Seedhill Football Ground Seedhill Stadium
- Location: Seedhill Stadium Carr Road Nelson Lancashire, England
- Coordinates: 53°50′21″N 2°13′12″W﻿ / ﻿53.83917°N 2.22000°W
- Opened: 1889
- Closed: 1971

= Seedhill Football Ground =

Former English sports venue

The Seedhill Football Ground also known as the Seedhill Stadium, was a primarily a football stadium in Nelson, Lancashire from 1889 to 1971. During their tenure at Seedhill, Nelson were members of the English Football League between 1921 and 1931.

== History ==
It was the home of various incarnations of current North West Counties League Division One side Nelson F.C. from 1889, when the Burnley Express reported an opening senior fixture played against Burnley on 16 March 1889 (Lost 0-6).

During the 1912–13 season, a two-storey brick-built pavilion was constructed at the town end of the ground which housed the changing rooms on the ground floor with the boardroom and an office on the upper floor. The pavilion, officially opened by Albert Smith MP on 7 December 1912, when Nelson beat Accrington Stanley 2-1 in a Lancashire Combination fixture, had a centre gable and a balcony overlooking the pitch. On 2 August 1913, the Burnley Express newspaper reported that, according to Nelson's annual financial statement, the cost of building the pavilion was £649.19s.7d. On 7 November 1932, the pavilion came close to burning down when a fire broke out in the boardroom. No-one was in the building at the time however heat from the fire burst a water pipe which put the fire out.

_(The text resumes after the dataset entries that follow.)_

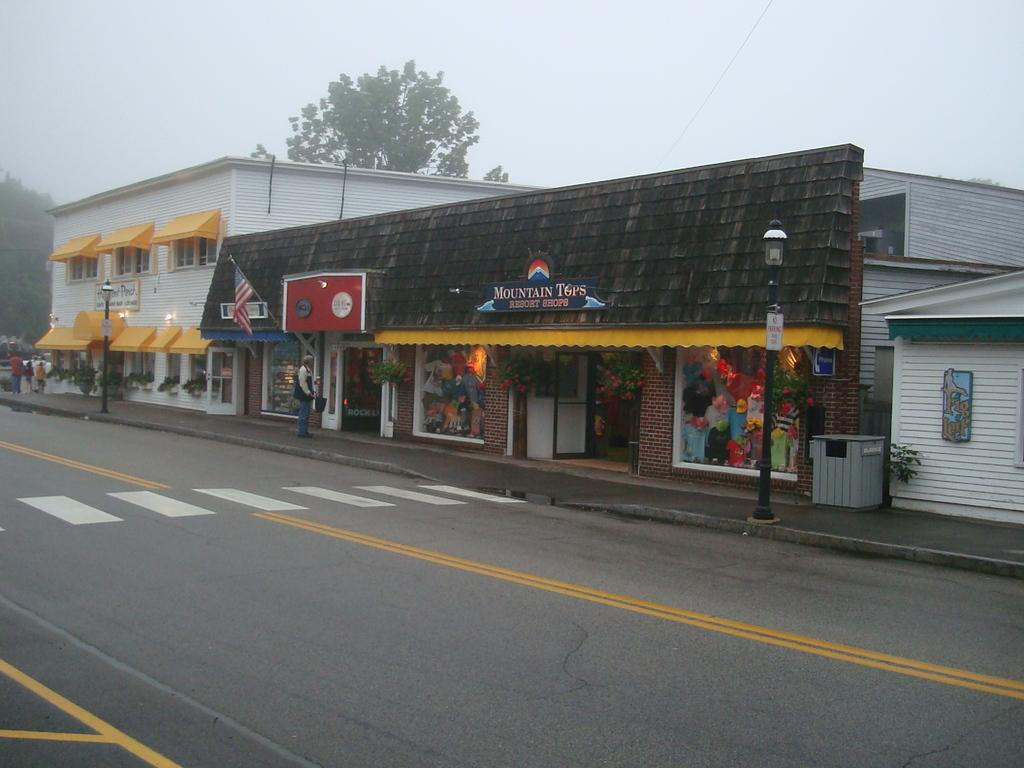What type of structures are present in the image? There are buildings in the image. What other natural elements can be seen in the image? There are trees in the image. What is located at the bottom of the image? There is a road at the bottom of the image. What objects are present in the image that might be used for supporting or holding something? There are poles visible in the image. Where is the bin located in the image? The bin is on the right side of the image. What can be seen in the background of the image? The sky is visible in the background of the image. How does the mind fold in the image? There is no mind present in the image, so it cannot fold. Is there any evidence of spying in the image? There is no indication of spying in the image. 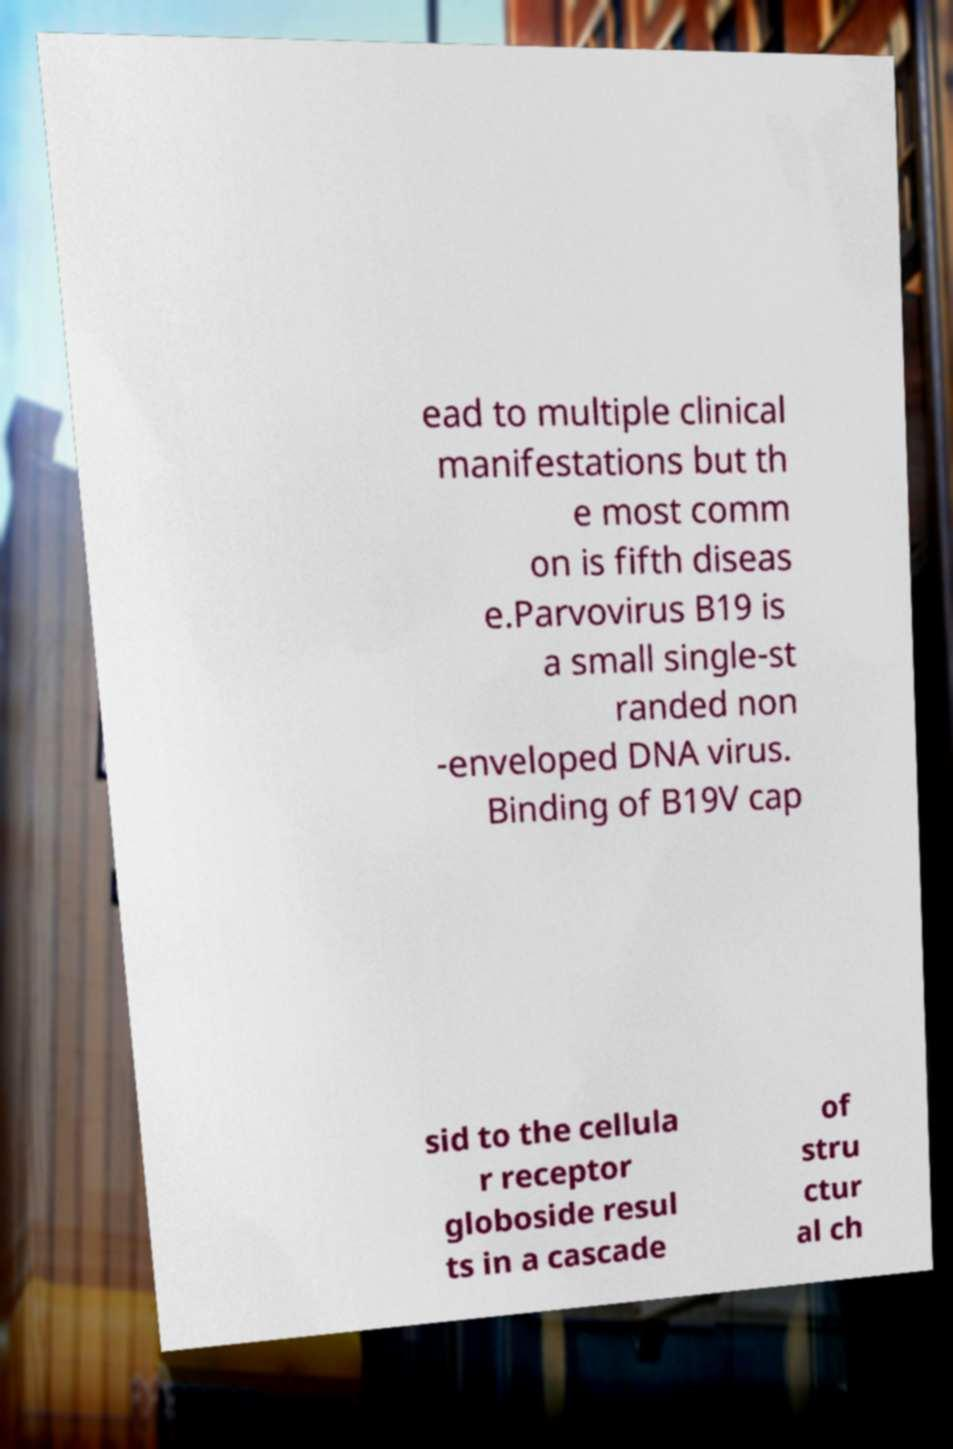I need the written content from this picture converted into text. Can you do that? ead to multiple clinical manifestations but th e most comm on is fifth diseas e.Parvovirus B19 is a small single-st randed non -enveloped DNA virus. Binding of B19V cap sid to the cellula r receptor globoside resul ts in a cascade of stru ctur al ch 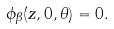<formula> <loc_0><loc_0><loc_500><loc_500>\phi _ { \beta } ( z , 0 , \theta ) = 0 .</formula> 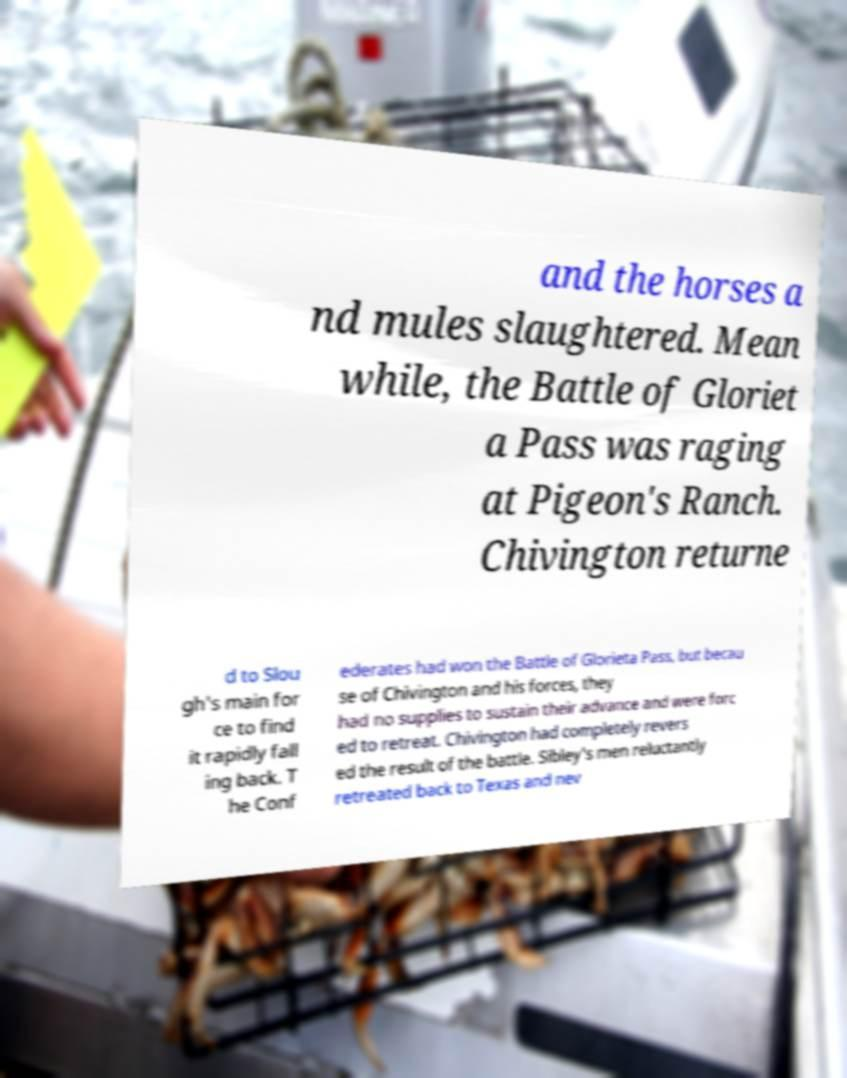Could you extract and type out the text from this image? and the horses a nd mules slaughtered. Mean while, the Battle of Gloriet a Pass was raging at Pigeon's Ranch. Chivington returne d to Slou gh's main for ce to find it rapidly fall ing back. T he Conf ederates had won the Battle of Glorieta Pass, but becau se of Chivington and his forces, they had no supplies to sustain their advance and were forc ed to retreat. Chivington had completely revers ed the result of the battle. Sibley's men reluctantly retreated back to Texas and nev 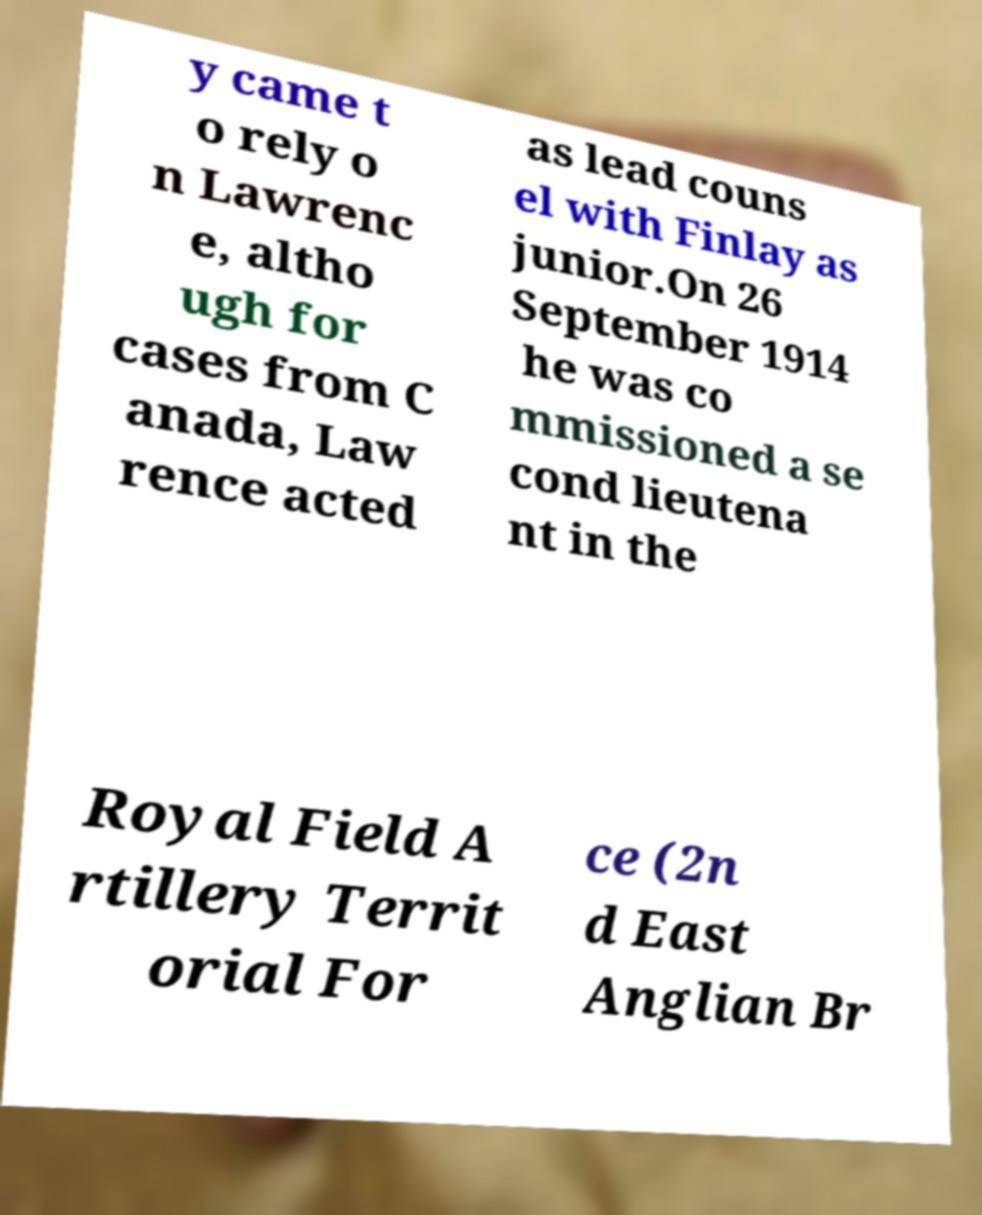Could you extract and type out the text from this image? y came t o rely o n Lawrenc e, altho ugh for cases from C anada, Law rence acted as lead couns el with Finlay as junior.On 26 September 1914 he was co mmissioned a se cond lieutena nt in the Royal Field A rtillery Territ orial For ce (2n d East Anglian Br 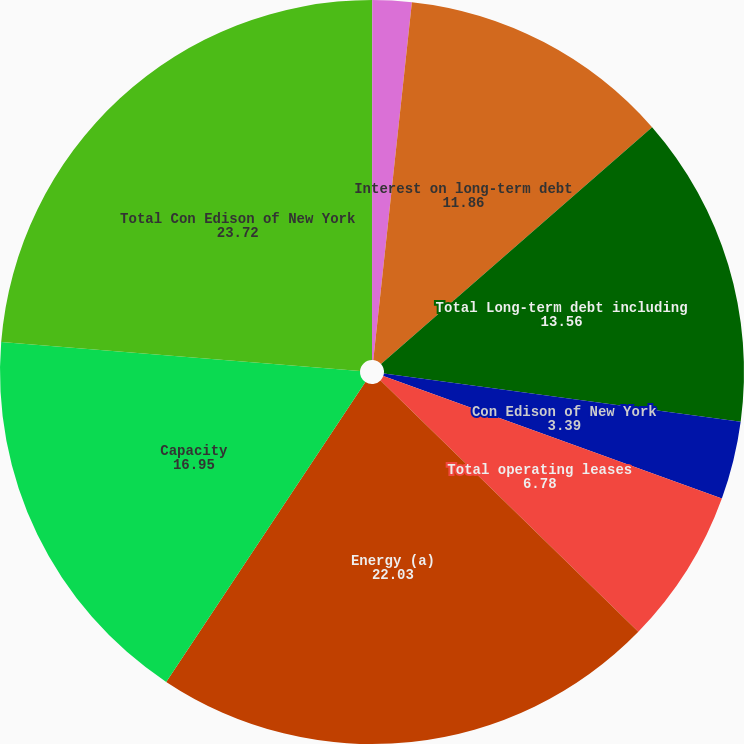Convert chart to OTSL. <chart><loc_0><loc_0><loc_500><loc_500><pie_chart><fcel>O&R<fcel>Competitive energy businesses<fcel>Interest on long-term debt<fcel>Total Long-term debt including<fcel>Con Edison of New York<fcel>Total operating leases<fcel>Energy (a)<fcel>Capacity<fcel>Total Con Edison of New York<nl><fcel>0.01%<fcel>1.7%<fcel>11.86%<fcel>13.56%<fcel>3.39%<fcel>6.78%<fcel>22.03%<fcel>16.95%<fcel>23.72%<nl></chart> 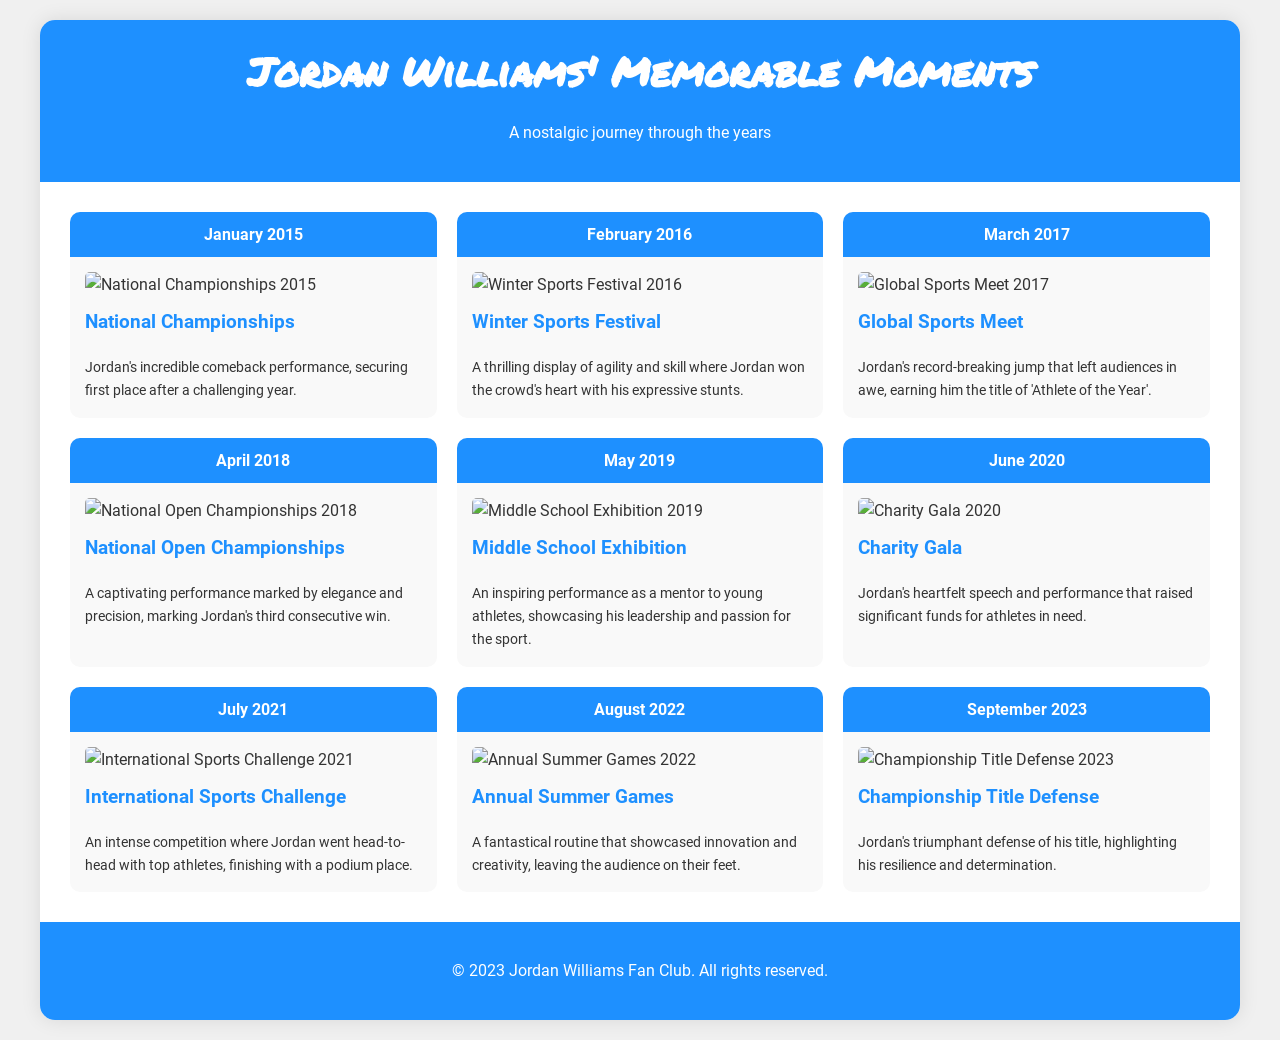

In 1921, with the help of volunteers, the covered terrace on the cricket field side was completed and was able to accommodate 3,000 people. In the same year, a wall was built around the park end and on the Carr Road side of the ground at a cost of £3,000. The cover over the cricket field side was blown down during a severe gale on the evening of 9 January 1936. The Burnley Express newspaper reported that the main gateway to the field on the Carr Road side was also blown down and damage was done to the fence on that side of the ground.

At the end of the 1922–23 Football League season, Nelson finished top of the Third Division North and were promoted to the Second Division, now known as the EFL Championship. Seedhill needed to be upgraded for the forthcoming season so, in 1923, a new wooden grandstand was built behind the existing stand on Carr Road. The new stand cost £5,000 to build and was able to accommodate 2,000 people on wooden bench seating. The old stand was dismantled and sold to Barnoldswick Town F.C.leaving a standing area in front of the new stand. Seedhill now had a capacity of 20,000.

Work started on the park end roof in September 1929 and was completed by November that year at a cost of £690 which was raised by the supporters' club. The cover provided accommodation for 5,000 people standing on a shallow-raked earth and cinder bank. This end of the ground became known as 'The Scratting Shed.' Concrete terracing was laid on the standing area in front of the main stand in June 1952. There was a spectator bank on each corner of the town end of the ground - the one nearest Carr Road had a wooden building at the top which was called the 'Alpine Bar'. The highest attendance at the stadium was 14,979 for the Third Division (North) match between Nelson and Bradford City on 27 April 1929.

During March 1967, speedway and stock car promoter Mike Parker applied for a licence for Seedhill Stadium hosted the speedway for the first time on 29 July 1967. The Nelson Admirals speedway team raced at the venue throughout 1968 and 1969. In June 1970, halfway through the season, promoters Les Whaley, Mike Parker and Bill Bridgett moved the British League Division Two side across the Pennines to Bradford. Parker moved the team following difficulties in finding available race days for speedway and stock car racing. Stock cars remained until the stadium was demolished.

The corner of the ground between the main stand and the park end served as the pits area for both speedway and stock cars. In 1969, visiting Romford rider Ross Gilbertson set a track record of 59 seconds at the stadium.

=== 1970s and '80s ===
Nelson's last game at Seedhill was a Lancashire Combination fixture on Sunday 28 March 1971 against local rivals, Clitheroe F.C. Local newspaper, the Nelson Leader, reported that a crowd of over a thousand gathered to see Clitheroe beaten by five goals to three in what was not only the last game but also the first Sunday game at the stadium. Nelson then moved to their current Victoria Park ground on Lomeshaye Holme for the start of the 1971–72 season. Seedhill football ground was demolished in the early 1980s to make way for the M65 motorway.

=== 21st century ===
As of early 2025, the site is currently being developed as the home of a new Pendle police station. There is currently an all weather athletics track and football pitch close to the site of Seedhill Stadium known as the Seedhill Athletics and Fitness Centre. This facility is located on the opposite side of the cricket field in Surrey Road and has never been home to Nelson Football Club.

The ground was situated next to the Seedhill Cricket Ground, currently the home of Lancashire League cricket team Nelson Cricket Club.